Cooperation with supporting operators and other parties

The new regulatory framework sets out more detailed requirements on the cooperation with third parties, which is categorised into cooperation with (a) other PSPs, (b) supporting operators or (c) other parties.

Under the existing regulatory framework, the approval mechanism for cooperation is determined by a risk classification of high, medium or low. Under the new regulatory framework, this risk-based approach will no longer apply.

Instead, the applicable requirements and approval mechanisms for a cooperation will vary depending on (i) the activity bundling assigned to the PSP, (ii) the PSP’s classification and (iii) whether the PSP has satisfied the TIKMI assessment threshold.

BI will further assess whether the cooperation is complex or standard, which will determine if the cooperation requires prior approval or is subject to post-implementation reporting to BI. An example of a complex cooperation is a cooperation with a digital financial assets trader. This is important, as we are seeing increasing interplay between the payment and digital financial assets ecosystems. Any planned cooperation must be included in the RBSP.

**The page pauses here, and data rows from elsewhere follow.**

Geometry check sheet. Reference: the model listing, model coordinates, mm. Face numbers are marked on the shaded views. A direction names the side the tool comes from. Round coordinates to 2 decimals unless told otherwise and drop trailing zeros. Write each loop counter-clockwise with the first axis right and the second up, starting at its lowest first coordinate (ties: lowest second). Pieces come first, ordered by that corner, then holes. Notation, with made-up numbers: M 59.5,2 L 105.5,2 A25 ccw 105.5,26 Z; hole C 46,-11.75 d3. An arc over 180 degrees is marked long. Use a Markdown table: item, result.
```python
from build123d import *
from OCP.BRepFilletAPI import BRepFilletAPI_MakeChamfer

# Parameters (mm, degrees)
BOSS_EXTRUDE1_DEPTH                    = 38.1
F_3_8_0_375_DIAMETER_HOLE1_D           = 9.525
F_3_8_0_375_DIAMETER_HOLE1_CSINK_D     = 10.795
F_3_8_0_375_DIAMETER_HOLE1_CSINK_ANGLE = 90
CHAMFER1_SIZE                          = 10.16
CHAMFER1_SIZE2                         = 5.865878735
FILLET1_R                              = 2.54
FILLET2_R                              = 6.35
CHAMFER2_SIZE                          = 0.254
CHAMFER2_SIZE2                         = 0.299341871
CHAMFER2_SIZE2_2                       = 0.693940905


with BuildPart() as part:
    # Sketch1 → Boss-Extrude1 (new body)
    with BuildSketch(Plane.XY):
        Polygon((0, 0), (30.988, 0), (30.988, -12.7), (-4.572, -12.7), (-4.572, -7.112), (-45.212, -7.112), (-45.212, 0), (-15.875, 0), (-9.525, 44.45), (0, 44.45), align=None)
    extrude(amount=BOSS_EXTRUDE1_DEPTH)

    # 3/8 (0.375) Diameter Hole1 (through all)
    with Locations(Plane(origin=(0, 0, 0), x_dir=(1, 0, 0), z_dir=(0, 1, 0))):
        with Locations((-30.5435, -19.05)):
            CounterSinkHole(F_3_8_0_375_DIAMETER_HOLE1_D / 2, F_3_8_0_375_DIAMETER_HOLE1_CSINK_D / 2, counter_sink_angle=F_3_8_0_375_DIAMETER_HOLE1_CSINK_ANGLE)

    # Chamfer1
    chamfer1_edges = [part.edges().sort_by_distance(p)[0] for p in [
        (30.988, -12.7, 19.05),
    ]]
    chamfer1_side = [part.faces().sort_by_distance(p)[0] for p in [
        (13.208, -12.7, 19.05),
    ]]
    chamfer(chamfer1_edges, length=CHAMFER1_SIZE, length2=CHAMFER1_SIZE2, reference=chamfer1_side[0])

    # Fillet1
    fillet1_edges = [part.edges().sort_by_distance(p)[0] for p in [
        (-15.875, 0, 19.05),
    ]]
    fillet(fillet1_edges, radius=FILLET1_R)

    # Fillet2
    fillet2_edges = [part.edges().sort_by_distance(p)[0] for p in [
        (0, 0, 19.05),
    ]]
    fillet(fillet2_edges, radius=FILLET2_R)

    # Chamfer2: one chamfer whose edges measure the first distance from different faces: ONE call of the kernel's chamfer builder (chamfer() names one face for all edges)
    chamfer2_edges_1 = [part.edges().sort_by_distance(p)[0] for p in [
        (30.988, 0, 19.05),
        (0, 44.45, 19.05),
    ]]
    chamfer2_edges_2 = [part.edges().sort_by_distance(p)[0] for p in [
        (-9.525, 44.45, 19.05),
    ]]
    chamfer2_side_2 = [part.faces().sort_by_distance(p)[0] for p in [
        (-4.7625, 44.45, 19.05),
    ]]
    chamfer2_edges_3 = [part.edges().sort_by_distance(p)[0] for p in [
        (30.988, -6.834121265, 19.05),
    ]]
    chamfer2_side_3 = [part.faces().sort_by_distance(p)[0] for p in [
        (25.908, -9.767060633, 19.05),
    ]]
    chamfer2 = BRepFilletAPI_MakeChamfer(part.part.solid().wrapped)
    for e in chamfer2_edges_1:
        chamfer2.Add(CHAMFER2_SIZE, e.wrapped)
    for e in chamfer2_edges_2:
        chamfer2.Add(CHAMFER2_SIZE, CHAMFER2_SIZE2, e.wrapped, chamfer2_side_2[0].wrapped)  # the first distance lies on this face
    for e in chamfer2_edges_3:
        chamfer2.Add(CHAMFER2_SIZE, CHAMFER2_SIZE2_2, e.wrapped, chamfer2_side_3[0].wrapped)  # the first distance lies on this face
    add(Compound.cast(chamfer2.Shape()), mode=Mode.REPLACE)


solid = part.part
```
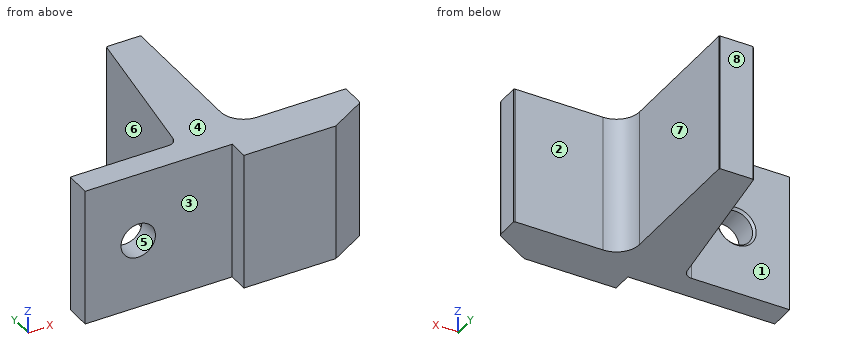
Item 1: Mould release check, pull along X, two halves, no side actions. Record for the marked faces 5, 6, 7 and 8: +X half, -X half, draft (parallel to the pull), parting line (faces both ways), or undercut.
Outcome:
| item | result |
|---|---|
| face 5 | undercut |
| face 6 | -X half |
| face 7 | +X half |
| face 8 | draft |
Item 2: Cross-section at A-A, the plane z = 19.05. Record the cut outline in (x, y) (3 decimals), and give its area (3 significant figures).
Outcome:
| item | result |
|---|---|
| outline | M -45.212,-7.112 L -35.306,-7.112 L -35.306,-0.635 L -35.941,0 L -45.212,0 Z; M -25.781,-7.112 L -4.572,-7.112 L -4.572,-12.7 L 20.828,-12.7 L 30.768,-6.961 L 30.988,-6.14 L 30.988,-0.254 L 30.734,0 L 6.35,0 A6.35 cw 0,6.35 L 0,44.196 L -0.254,44.45 L -9.271,44.45 L -9.567,44.154 L -15.563,2.181 A2.54 cw -18.078,0 L -25.146,0 L -25.781,-0.635 Z |
| area | 1,220 mm2 |
Item 3: Cross-section at C-C, the plane z = 28.5. Record the cut outline in (x, y), and give its area (3 significant figures).
Outcome:
| item | result |
|---|---|
| outline | M -45.21,-7.11 L -4.57,-7.11 L -4.57,-12.7 L 20.83,-12.7 L 30.77,-6.96 L 30.99,-6.14 L 30.99,-0.25 L 30.73,0 L 6.35,0 A6.35 cw 0,6.35 L 0,44.2 L -0.25,44.45 L -9.27,44.45 L -9.57,44.15 L -15.56,2.18 A2.54 cw -18.08,0 L -45.21,0 Z |
| area | 1,280 mm2 |
Item 4: Cross-section at D-D, the plane x = 8. Record the cut outline in (y, z), and give its area (3 significant figures).
Outcome:
| item | result |
|---|---|
| outline | M -12.7,0 L 0,0 L 0,38.1 L -12.7,38.1 Z |
| area | 484 mm2 |
Item 5: Go/stop test with flat-tipped pins: pin 1 (2 mm diameter, centred on x = 5, z = 19.5, fed in from +Y); pin 2 (4 mm diameter, centred on y = 26, z = 6.5, fed in from +X); pin 3 (11 mm diameter, centred on x = -30.54, z = 19.05, fed in from -Y). Record where each tip stops, or that it passes through.
Outcome:
| item | result |
|---|---|
| pin 1 | stops at y = 0.45 |
| pin 2 | stops at x = 0 |
| pin 3 | stops at y = -7.11 |
Item 6: Access from +Z, -Z, +X, -X, +Y, -Y to the whole of each face (thin tool, end or side, straight path). Record for the marked faces 1, 2, 3 and 4.
Outcome:
| item | result |
|---|---|
| face 1 | +Z, -Z, -X, +Y |
| face 2 | +Z, -Z, +X, +Y |
| face 3 | +Z, -Z, -X, -Y |
| face 4 | +Z, +X, -X, +Y, -Y |
Item 7: Material ranges on line 1 along X through (y, z) = (-3.25, 19.05); line 2 along Y through (x, z) = (-20, 32); line 3 along Y through (x, z) = (13.5, 10), recorded low to high. Write a range as from..to.
Outcome:
| item | result |
|---|---|
| line 1 | x = -45.21..-35.31, -25.78..30.99 |
| line 2 | y = -7.11..0 |
| line 3 | y = -12.7..0 |
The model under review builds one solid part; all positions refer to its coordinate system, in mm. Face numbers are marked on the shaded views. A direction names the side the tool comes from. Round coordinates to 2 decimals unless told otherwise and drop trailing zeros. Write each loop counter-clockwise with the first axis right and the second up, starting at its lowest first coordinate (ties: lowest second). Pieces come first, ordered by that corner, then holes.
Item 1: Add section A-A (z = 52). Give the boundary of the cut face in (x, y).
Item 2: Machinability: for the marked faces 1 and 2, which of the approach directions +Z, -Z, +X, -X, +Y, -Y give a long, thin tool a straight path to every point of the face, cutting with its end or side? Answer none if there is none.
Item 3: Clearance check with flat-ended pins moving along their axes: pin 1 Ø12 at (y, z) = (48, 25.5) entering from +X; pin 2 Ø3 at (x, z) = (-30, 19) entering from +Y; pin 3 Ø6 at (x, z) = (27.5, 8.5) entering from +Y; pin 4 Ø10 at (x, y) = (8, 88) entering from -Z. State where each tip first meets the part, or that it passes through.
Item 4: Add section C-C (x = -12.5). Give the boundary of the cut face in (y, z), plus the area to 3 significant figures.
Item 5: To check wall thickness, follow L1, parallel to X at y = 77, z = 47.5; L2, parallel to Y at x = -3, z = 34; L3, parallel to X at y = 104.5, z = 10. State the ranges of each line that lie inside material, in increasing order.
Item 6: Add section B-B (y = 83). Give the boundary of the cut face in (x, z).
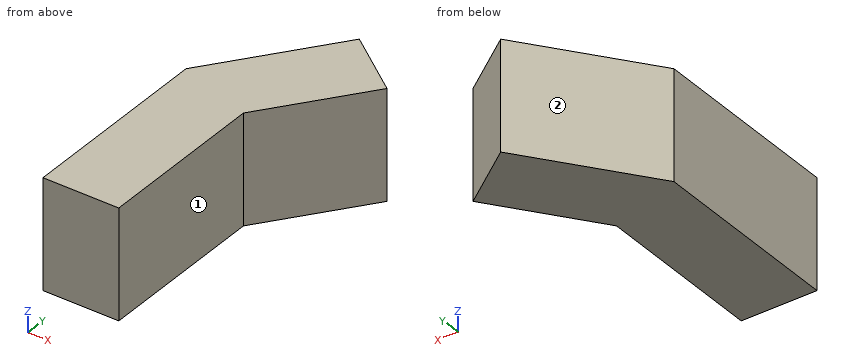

Companies should note that during the transition period (ie pending BI’s approval of a PSP’s RBSP and BI’s TIKMI assessment results) any activity development, product development or cooperation must be approved by BI.

Conclusion

The New Umbrella Regulation and New Implementing Regulation introduce a number of key changes to Indonesia’s payment regulatory framework, and will become effective on 31 March 2026.

Given the phased implementation contemplated under the new regulations, and considering that the PJP Regulation and the PIP Regulation will remain in effect to the extent they are consistent with the new regulations, payment businesses will need to navigate any overlap between the current and future regimes during the transition period.

PSPs should closely monitor the applicable compliance timelines, plan ahead, and commence preparations to comply with the new requirements when they come into effect, starting with submission of their first SBP and RBSP by no later than 30 April 2026.

(With thanks to trainee associate Regita Maritza for her research support in preparing this article.)